Il faut se réveiller, et cela commence. Alors, en Egypte,où l'on sent la nécessité de changer tant de choses, on songe à réformer aussi la vieille université d'al-Azhar, l'un des grands centres de l'Islam ; on y songe avec crainte, sachant le danger de porter la main sur des institutions millénaires ; la réforme, cependant, est en principe décidée.

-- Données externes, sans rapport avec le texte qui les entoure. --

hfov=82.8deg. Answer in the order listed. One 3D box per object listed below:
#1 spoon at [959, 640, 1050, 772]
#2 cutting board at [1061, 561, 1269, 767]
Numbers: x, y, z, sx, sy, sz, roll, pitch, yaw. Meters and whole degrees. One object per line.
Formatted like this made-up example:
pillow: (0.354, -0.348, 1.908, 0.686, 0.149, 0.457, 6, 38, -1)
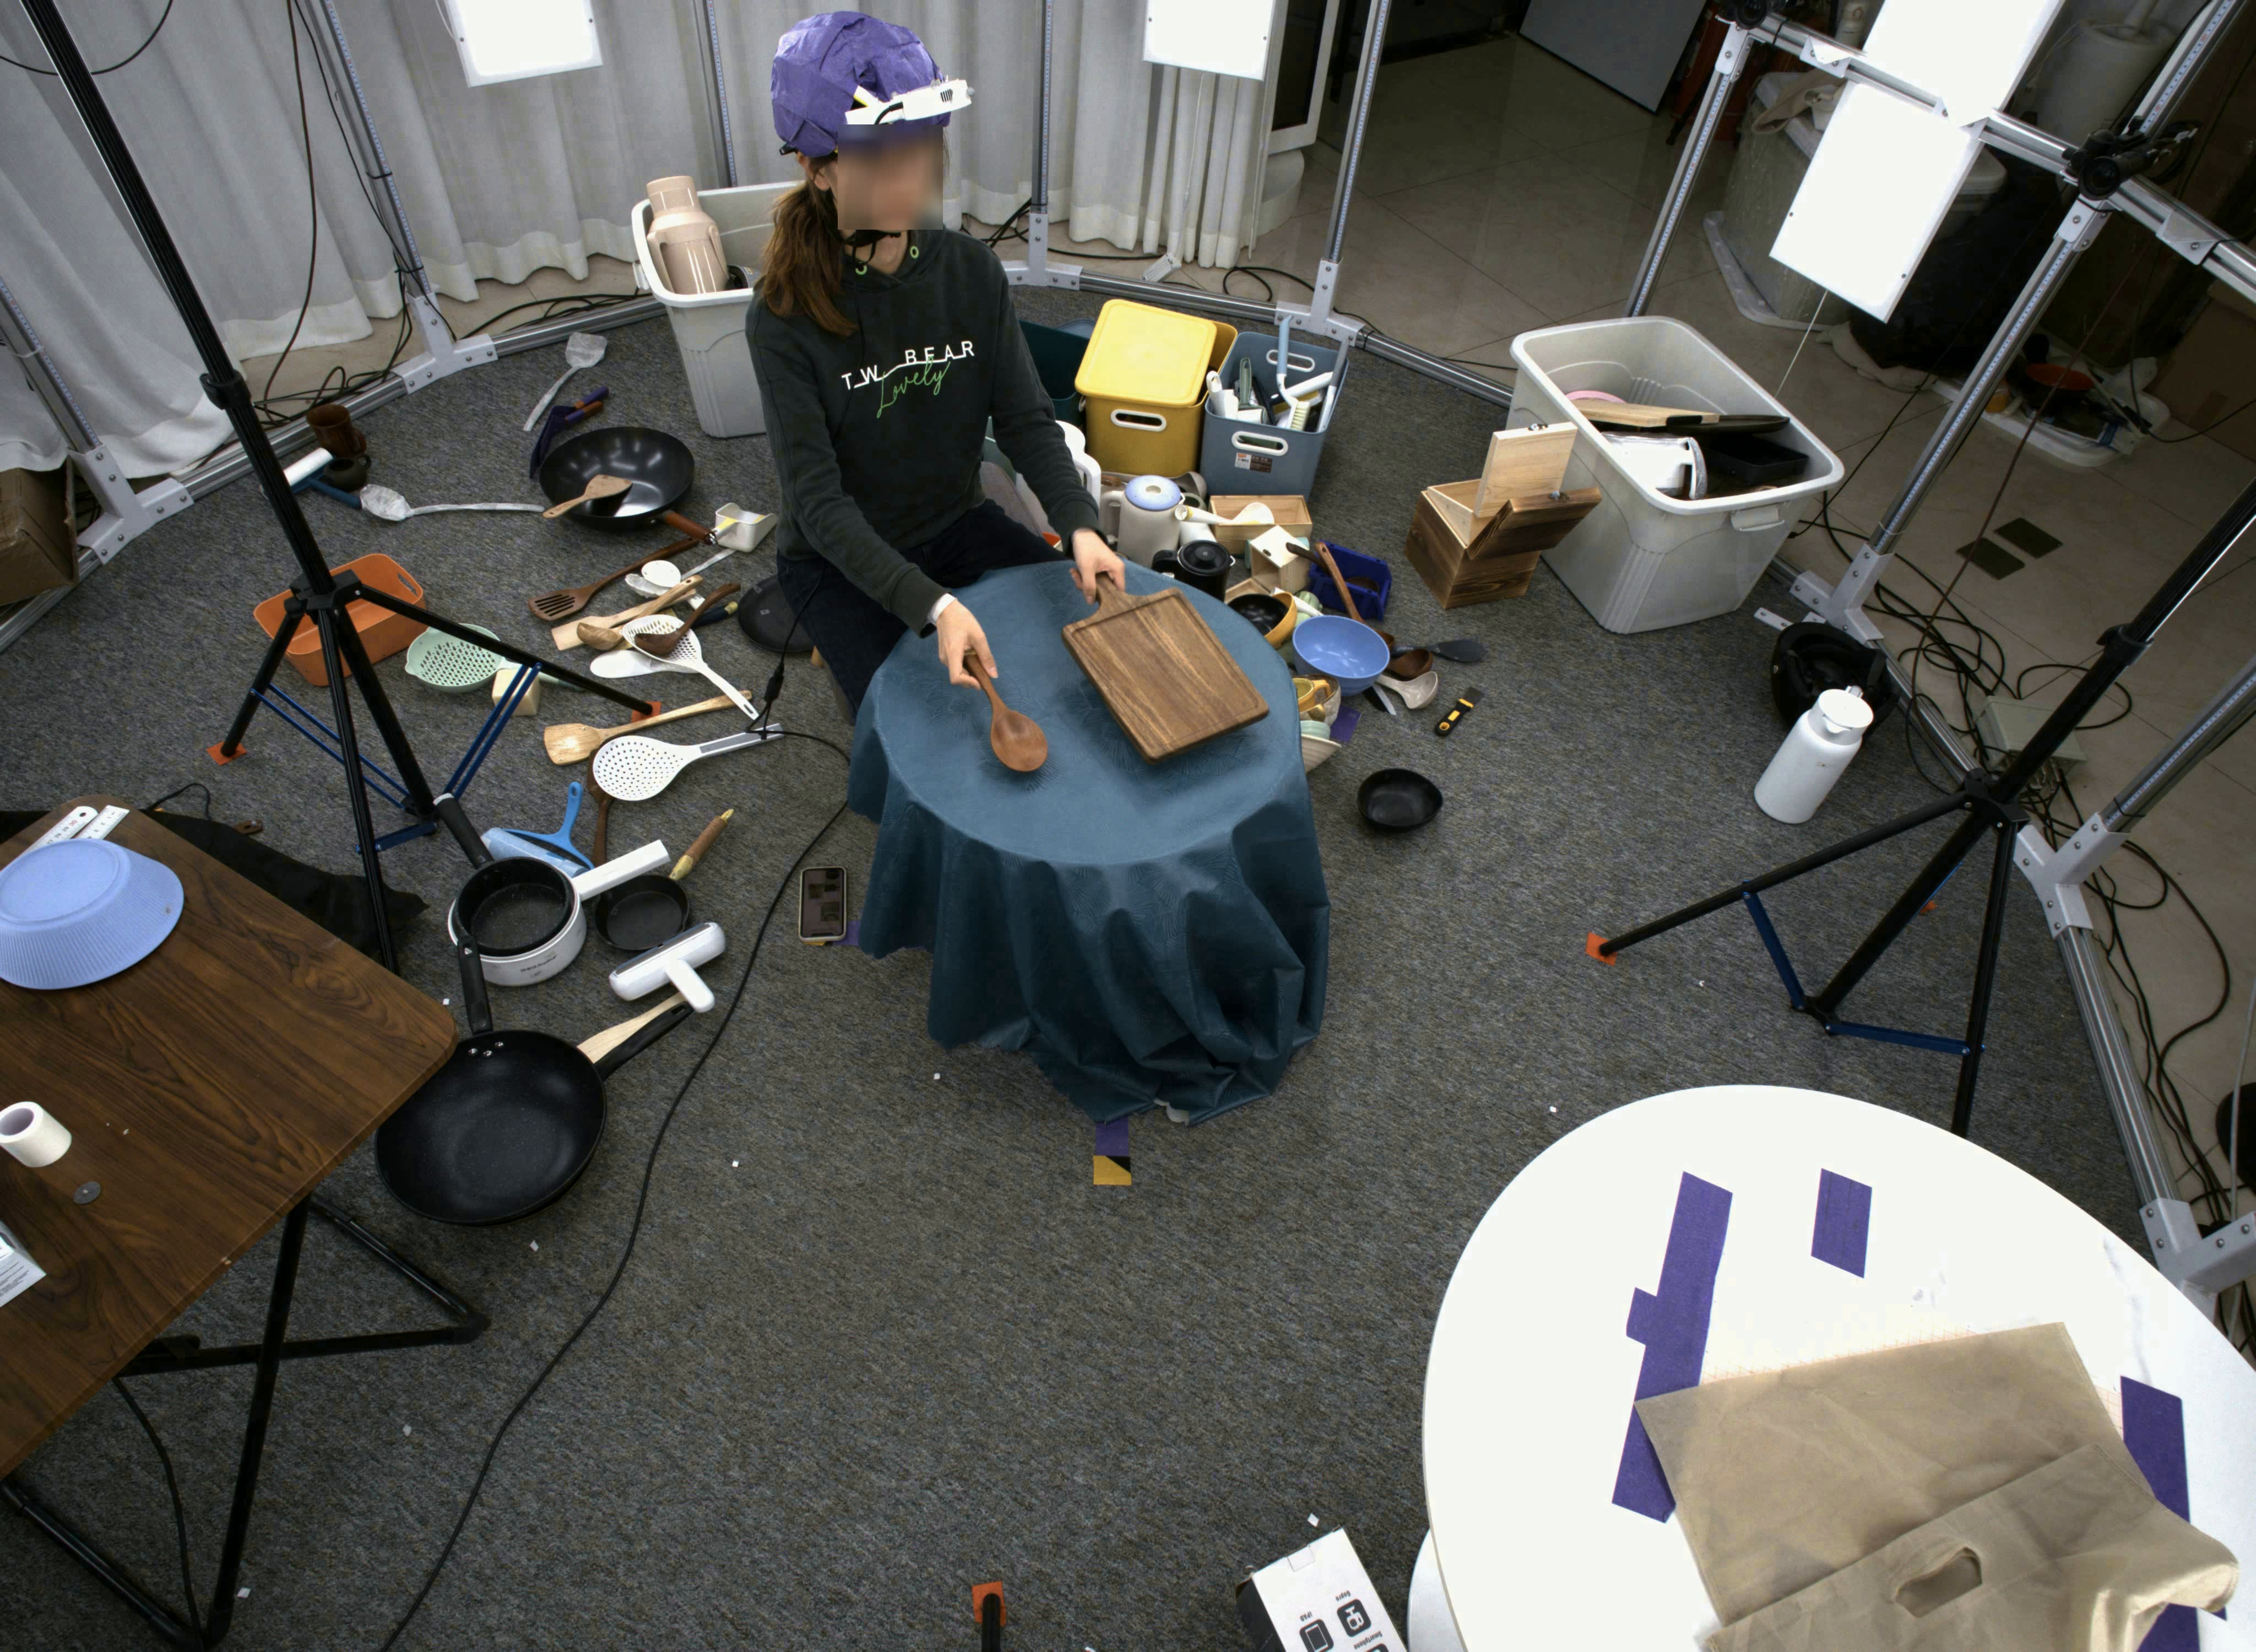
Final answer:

Des connaissances nouvelles, venues d'Occident, vont pénétrer dans ce tabernacle des Fâtimides ; le Prophète n'a t-il pas dit : "Allez partout demander l'instruction, au besoin jusqu'en Chine ? " Qu'en adviendra-t-il ? Qui saurait le présager ?... Mais ceci, en tout cas, est certain : aux heures éblouissantes de midi, ou aux heures dorées du soir, quand le flot des étudiants ainsi modernisés se répandra dans la grande cour que tant de minarets surveillent, on ne verra plus dans tous ces regards la mystique flamme d'aujourd'hui ; et ce ne sera plus l'inébranlable foi, ni la haute et sereine insouciance, ni la paix si profonde qu'ils iront porter, ces messagers, à tous les bouts de la terre musulmane...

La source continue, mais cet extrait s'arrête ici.